[Extracted data entries]
________________________________________
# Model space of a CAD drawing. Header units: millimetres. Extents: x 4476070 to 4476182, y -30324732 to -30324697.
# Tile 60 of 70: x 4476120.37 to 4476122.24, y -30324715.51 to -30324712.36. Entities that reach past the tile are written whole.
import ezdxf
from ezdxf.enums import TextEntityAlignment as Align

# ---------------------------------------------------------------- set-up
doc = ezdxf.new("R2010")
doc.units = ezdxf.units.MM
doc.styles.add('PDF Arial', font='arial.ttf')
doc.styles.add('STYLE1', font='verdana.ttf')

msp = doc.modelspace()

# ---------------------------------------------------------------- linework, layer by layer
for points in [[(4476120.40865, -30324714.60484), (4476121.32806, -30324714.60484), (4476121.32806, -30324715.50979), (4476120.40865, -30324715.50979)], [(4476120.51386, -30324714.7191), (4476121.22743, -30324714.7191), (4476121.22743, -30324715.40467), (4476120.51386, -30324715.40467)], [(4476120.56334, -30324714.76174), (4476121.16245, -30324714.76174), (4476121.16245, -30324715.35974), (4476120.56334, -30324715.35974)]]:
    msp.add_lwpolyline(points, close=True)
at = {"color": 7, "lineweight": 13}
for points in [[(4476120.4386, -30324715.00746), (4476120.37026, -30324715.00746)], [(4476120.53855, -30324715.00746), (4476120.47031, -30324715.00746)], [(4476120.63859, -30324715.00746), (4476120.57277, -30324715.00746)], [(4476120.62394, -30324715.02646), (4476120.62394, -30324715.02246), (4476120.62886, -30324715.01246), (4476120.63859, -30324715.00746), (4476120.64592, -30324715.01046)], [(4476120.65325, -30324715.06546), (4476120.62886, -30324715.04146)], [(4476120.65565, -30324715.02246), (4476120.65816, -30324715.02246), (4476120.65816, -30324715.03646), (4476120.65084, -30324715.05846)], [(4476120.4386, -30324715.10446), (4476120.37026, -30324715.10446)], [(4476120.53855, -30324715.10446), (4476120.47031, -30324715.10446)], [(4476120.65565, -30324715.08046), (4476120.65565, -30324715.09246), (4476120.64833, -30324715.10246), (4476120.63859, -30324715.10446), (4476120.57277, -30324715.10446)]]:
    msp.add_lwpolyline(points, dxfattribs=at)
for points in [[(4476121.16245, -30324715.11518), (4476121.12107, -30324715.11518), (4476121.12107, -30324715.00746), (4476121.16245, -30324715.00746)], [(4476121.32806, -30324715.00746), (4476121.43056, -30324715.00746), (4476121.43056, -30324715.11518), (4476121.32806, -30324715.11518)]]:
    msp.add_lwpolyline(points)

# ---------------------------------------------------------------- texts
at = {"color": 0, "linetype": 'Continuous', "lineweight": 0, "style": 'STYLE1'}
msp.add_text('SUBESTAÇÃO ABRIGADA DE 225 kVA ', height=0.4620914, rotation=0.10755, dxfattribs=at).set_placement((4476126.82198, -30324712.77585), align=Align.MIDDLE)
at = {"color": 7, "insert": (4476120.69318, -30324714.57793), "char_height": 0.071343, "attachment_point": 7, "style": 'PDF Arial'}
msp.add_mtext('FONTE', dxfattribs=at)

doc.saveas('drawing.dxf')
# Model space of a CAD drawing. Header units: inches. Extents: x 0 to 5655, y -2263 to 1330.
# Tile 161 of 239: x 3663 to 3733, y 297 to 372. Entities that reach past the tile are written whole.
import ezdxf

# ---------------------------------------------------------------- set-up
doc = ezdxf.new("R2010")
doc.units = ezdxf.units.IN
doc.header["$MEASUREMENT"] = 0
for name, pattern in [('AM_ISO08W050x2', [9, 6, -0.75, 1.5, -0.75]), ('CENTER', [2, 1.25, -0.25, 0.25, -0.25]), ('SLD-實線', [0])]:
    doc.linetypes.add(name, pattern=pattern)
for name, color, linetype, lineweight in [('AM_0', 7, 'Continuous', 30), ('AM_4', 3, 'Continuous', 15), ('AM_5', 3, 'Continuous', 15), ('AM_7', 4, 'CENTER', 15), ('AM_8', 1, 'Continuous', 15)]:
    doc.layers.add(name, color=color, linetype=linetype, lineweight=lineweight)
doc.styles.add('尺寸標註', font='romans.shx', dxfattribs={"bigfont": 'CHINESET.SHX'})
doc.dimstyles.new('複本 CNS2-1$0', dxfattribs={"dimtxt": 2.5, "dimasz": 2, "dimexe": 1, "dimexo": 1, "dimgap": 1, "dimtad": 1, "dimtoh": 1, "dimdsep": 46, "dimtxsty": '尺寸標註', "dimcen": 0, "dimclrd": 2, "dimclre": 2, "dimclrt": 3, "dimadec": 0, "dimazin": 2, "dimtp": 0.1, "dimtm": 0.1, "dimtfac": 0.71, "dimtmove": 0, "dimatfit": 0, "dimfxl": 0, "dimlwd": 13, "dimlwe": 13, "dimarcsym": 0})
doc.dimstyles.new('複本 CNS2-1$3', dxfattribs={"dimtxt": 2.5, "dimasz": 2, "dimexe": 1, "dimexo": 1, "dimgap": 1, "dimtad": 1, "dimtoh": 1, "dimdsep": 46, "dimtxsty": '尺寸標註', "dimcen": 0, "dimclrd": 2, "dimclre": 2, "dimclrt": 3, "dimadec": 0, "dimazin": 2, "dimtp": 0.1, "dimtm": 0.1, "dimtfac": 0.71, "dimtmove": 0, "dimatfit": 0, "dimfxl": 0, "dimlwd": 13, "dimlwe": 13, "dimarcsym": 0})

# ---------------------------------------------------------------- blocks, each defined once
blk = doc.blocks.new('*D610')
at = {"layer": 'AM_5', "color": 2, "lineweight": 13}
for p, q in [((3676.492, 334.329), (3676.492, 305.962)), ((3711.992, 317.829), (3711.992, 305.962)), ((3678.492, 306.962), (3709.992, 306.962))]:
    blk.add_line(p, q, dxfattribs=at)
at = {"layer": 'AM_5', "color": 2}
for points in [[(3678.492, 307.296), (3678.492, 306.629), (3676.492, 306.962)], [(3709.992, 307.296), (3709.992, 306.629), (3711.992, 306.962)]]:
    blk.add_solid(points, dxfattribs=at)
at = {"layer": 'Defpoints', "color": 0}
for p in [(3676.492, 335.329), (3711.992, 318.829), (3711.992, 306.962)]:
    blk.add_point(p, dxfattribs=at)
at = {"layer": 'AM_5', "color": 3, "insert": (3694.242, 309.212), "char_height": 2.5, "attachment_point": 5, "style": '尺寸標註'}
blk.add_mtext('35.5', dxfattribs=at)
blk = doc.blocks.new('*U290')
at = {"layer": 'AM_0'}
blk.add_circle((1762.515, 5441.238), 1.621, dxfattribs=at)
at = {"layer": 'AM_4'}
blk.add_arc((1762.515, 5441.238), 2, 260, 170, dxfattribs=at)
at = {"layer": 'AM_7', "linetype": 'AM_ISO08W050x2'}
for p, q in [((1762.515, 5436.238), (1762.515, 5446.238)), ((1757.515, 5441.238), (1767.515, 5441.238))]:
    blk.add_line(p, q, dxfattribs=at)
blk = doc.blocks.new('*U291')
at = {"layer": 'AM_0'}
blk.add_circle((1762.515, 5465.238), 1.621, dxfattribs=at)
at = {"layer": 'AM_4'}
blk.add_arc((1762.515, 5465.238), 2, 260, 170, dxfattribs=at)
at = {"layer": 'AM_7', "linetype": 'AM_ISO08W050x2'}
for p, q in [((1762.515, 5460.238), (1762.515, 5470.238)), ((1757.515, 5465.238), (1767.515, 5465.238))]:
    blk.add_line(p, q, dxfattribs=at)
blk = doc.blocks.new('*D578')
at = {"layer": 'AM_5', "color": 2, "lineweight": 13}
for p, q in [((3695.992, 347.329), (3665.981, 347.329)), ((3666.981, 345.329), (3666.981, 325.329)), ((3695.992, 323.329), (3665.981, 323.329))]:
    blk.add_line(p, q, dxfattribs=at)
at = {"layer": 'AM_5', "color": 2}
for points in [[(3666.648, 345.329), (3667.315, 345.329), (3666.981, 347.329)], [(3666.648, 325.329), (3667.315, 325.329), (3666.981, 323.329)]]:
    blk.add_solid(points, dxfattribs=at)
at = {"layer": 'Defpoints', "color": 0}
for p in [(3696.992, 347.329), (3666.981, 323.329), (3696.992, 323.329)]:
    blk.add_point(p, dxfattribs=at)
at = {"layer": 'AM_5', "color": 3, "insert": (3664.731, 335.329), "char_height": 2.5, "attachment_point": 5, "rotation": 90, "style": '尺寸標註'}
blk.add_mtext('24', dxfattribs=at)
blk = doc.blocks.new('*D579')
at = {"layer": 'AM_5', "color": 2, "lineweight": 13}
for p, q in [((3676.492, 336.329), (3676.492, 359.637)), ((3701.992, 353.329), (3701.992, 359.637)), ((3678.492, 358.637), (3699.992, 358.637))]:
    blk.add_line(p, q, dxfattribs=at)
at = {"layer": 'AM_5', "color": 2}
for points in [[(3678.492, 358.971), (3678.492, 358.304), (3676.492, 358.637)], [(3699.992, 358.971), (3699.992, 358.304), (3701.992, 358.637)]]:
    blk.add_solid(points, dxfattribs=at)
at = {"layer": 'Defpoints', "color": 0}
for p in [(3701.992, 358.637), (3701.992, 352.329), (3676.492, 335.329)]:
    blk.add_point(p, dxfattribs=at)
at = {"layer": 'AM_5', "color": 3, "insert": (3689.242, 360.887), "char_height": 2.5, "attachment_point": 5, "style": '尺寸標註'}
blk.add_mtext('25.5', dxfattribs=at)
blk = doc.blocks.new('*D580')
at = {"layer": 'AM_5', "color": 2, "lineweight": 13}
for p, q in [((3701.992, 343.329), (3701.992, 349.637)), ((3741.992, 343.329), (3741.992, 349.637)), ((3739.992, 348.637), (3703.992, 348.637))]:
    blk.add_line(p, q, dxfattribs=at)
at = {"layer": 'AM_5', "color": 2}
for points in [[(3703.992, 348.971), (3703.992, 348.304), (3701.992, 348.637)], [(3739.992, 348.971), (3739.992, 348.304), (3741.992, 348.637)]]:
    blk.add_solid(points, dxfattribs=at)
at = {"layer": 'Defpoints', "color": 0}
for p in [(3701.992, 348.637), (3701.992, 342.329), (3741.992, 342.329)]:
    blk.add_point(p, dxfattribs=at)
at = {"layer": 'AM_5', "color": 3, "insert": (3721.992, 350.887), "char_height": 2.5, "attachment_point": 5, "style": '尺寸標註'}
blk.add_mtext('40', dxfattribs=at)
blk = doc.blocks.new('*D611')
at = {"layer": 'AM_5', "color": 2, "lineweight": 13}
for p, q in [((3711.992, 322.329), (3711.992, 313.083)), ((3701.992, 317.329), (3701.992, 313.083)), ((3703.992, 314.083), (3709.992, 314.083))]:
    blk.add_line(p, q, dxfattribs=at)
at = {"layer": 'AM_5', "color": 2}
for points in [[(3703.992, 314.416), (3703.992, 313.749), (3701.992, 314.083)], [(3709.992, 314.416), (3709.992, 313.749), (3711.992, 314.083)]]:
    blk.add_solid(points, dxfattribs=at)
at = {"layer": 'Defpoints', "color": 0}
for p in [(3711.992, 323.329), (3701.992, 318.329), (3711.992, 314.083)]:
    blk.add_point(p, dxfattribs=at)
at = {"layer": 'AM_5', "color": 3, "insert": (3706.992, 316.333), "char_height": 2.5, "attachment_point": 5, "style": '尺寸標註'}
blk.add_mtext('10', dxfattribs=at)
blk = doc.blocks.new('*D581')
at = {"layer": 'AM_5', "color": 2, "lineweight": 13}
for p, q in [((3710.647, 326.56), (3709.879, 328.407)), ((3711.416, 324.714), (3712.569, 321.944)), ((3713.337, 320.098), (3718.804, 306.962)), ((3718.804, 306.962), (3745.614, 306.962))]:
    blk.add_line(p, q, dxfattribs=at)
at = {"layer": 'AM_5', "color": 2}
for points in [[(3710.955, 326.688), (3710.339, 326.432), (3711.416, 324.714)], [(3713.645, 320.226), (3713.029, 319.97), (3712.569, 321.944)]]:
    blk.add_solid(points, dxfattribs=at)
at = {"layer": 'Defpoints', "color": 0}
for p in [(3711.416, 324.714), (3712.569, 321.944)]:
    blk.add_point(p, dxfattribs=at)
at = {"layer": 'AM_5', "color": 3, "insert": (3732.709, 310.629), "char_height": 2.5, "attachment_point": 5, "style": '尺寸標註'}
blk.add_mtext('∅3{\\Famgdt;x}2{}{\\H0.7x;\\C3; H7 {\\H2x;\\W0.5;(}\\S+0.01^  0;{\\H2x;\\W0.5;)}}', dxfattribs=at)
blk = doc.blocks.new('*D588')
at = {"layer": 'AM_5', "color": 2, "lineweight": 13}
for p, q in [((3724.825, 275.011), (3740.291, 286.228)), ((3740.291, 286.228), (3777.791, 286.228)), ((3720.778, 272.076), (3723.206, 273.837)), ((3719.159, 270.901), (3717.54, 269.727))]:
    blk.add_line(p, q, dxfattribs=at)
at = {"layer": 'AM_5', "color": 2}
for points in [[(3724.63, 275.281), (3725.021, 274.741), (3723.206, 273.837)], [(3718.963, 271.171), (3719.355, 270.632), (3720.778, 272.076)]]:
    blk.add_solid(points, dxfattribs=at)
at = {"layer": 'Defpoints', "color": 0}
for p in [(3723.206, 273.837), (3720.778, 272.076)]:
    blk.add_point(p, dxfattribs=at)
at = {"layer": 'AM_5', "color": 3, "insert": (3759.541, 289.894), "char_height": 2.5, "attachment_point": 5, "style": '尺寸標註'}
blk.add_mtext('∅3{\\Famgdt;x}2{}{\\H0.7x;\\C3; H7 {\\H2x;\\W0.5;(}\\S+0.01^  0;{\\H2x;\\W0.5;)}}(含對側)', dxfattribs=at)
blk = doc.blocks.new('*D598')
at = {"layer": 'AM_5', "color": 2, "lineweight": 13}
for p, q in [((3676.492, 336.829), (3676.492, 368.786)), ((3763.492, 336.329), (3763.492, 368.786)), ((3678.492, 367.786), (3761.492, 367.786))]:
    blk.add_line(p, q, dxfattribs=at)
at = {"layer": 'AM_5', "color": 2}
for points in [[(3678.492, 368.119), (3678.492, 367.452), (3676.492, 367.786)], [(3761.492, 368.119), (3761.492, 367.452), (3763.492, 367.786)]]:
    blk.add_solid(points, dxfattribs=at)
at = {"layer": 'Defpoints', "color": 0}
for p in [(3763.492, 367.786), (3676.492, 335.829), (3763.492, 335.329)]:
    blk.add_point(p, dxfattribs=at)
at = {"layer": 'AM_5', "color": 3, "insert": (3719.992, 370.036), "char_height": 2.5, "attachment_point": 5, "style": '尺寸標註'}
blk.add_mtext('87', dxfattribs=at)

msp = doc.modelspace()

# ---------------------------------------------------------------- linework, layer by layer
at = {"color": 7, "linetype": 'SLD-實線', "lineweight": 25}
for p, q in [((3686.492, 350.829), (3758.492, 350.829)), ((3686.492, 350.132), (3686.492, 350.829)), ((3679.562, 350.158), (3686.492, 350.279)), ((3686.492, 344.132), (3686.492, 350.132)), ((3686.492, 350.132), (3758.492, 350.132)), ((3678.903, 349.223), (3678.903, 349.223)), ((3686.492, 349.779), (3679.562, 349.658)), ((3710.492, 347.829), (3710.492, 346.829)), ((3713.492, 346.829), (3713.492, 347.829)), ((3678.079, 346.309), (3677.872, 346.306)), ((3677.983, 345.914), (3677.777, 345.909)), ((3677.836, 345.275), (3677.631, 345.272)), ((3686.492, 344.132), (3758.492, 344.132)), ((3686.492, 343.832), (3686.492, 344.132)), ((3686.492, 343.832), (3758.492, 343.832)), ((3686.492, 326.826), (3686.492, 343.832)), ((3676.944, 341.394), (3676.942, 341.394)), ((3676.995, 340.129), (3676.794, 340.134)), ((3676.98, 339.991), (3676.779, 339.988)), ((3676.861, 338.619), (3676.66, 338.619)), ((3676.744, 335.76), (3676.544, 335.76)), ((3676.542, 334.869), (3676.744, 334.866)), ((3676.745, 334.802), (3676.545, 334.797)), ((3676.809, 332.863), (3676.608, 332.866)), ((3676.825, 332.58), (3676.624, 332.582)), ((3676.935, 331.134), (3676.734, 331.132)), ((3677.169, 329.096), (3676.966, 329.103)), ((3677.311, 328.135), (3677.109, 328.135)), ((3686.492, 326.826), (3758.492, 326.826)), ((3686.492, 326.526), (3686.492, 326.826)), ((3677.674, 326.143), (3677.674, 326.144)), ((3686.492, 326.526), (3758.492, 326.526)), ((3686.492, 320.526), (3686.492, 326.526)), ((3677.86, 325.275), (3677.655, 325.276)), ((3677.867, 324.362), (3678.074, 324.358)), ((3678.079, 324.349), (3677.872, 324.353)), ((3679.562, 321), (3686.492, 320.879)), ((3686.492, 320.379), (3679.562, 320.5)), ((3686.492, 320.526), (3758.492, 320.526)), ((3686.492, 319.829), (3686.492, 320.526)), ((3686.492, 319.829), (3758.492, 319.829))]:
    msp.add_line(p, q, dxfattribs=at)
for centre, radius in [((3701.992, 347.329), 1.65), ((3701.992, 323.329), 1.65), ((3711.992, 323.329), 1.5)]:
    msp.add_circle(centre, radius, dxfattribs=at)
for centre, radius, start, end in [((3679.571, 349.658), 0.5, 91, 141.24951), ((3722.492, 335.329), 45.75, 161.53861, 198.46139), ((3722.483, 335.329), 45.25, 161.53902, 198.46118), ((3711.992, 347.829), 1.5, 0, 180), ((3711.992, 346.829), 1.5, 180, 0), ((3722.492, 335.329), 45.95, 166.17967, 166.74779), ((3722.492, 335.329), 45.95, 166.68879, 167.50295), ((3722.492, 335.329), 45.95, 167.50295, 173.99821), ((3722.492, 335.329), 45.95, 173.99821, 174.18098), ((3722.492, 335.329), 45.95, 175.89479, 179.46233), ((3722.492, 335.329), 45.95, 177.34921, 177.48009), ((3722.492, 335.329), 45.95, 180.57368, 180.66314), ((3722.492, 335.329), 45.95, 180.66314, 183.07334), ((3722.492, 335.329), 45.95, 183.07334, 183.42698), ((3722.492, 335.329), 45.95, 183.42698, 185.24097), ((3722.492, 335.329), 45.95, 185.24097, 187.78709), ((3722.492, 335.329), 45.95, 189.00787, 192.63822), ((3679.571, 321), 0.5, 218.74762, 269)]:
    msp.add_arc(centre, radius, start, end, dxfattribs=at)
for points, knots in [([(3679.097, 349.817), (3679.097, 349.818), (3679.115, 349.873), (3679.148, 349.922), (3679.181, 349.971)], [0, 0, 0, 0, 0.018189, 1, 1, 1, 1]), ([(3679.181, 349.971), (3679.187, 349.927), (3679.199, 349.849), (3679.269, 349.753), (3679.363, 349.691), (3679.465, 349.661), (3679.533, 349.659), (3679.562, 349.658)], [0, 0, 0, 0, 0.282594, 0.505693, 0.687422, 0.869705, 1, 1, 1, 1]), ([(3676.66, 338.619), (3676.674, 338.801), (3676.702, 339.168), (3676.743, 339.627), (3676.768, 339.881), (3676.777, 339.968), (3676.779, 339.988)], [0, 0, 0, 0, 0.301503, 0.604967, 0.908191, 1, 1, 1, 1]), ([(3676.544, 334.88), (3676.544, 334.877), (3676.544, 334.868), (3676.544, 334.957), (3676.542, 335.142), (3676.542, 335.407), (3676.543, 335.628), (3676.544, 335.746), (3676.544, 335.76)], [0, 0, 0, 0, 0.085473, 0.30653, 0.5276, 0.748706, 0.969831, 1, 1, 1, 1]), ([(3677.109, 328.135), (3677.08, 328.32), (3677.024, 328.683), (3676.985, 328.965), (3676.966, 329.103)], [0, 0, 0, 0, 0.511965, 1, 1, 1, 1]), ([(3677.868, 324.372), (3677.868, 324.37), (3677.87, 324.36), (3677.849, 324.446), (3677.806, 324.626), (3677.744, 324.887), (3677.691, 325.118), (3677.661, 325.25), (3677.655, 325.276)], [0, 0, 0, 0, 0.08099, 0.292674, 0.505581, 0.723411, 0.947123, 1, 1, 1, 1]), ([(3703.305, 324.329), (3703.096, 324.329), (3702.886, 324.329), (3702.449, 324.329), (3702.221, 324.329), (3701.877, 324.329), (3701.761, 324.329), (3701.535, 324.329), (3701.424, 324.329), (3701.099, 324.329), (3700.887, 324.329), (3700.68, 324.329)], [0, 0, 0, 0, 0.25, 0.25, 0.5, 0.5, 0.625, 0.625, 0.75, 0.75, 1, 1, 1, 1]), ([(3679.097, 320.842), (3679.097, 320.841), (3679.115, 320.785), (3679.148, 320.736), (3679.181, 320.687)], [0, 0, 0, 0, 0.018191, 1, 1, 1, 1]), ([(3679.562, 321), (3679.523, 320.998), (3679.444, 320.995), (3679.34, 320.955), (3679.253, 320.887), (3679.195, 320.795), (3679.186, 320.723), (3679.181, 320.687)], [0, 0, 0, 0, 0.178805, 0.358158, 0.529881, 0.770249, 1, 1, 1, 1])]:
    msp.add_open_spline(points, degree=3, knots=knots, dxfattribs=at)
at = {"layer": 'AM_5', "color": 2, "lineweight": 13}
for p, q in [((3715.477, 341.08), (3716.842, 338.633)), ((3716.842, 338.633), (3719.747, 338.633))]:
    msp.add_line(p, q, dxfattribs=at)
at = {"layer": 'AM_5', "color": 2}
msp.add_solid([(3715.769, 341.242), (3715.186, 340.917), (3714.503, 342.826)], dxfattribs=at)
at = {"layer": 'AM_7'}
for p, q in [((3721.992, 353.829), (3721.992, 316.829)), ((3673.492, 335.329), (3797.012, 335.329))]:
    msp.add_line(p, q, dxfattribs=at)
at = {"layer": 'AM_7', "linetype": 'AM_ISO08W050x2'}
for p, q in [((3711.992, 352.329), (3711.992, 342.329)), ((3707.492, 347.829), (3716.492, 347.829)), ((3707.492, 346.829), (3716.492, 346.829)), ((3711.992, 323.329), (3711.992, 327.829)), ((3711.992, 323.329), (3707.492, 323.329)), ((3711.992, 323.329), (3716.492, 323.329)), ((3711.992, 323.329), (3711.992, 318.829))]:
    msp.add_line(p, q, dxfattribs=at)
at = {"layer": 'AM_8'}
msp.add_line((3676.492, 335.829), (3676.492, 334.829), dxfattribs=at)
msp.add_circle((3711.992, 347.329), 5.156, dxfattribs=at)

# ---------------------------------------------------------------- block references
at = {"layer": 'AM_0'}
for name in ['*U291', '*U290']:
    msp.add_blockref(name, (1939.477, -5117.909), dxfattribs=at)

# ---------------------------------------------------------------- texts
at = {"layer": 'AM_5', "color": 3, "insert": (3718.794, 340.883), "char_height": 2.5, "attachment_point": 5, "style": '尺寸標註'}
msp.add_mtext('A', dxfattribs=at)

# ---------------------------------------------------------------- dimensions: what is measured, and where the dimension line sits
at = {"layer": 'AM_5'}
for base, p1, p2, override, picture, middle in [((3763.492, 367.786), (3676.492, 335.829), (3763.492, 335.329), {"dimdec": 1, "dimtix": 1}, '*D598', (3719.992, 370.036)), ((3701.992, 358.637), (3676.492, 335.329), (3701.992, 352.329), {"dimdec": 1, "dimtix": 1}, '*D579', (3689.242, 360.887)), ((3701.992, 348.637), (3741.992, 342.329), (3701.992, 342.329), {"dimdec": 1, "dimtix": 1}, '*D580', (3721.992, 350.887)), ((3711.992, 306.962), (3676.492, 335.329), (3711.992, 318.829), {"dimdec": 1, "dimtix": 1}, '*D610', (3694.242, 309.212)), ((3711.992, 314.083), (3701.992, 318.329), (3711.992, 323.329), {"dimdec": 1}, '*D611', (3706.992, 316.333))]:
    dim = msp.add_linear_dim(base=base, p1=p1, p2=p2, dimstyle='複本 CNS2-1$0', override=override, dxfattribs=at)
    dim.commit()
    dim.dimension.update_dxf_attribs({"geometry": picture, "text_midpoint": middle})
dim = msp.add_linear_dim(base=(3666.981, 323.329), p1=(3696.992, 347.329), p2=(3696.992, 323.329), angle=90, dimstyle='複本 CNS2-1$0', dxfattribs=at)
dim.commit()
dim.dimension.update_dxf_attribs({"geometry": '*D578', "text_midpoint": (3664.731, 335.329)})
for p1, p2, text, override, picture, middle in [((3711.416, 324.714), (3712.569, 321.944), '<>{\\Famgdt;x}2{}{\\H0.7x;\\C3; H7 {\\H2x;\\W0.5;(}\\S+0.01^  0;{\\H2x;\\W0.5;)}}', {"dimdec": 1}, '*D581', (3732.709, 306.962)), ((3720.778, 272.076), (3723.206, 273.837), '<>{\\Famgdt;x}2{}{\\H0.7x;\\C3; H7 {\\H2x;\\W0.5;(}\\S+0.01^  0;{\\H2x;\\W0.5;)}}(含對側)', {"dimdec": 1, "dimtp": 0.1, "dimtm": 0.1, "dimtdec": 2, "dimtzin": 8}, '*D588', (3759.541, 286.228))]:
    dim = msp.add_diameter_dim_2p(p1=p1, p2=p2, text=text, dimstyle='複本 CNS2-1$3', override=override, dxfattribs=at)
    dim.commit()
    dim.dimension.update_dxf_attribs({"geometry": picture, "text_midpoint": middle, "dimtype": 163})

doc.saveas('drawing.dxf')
________________________________________
[Problem to solve] Scan the data above for the word "Famgdt". Copy every line in which it is found.

[Written solution]
blk.add_mtext('∅3{\\Famgdt;x}2{}{\\H0.7x;\\C3; H7 {\\H2x;\\W0.5;(}\\S+0.01^  0;{\\H2x;\\W0.5;)}}', dxfattribs=at)
blk.add_mtext('∅3{\\Famgdt;x}2{}{\\H0.7x;\\C3; H7 {\\H2x;\\W0.5;(}\\S+0.01^  0;{\\H2x;\\W0.5;)}}(含對側)', dxfattribs=at)
for p1, p2, text, override, picture, middle in [((3711.416, 324.714), (3712.569, 321.944), '<>{\\Famgdt;x}2{}{\\H0.7x;\\C3; H7 {\\H2x;\\W0.5;(}\\S+0.01^  0;{\\H2x;\\W0.5;)}}', {"dimdec": 1}, '*D581', (3732.709, 306.962)), ((3720.778, 272.076), (3723.206, 273.837), '<>{\\Famgdt;x}2{}{\\H0.7x;\\C3; H7 {\\H2x;\\W0.5;(}\\S+0.01^  0;{\\H2x;\\W0.5;)}}(含對側)', {"dimdec": 1, "dimtp": 0.1, "dimtm": 0.1, "dimtdec": 2, "dimtzin": 8}, '*D588', (3759.541, 286.228))]:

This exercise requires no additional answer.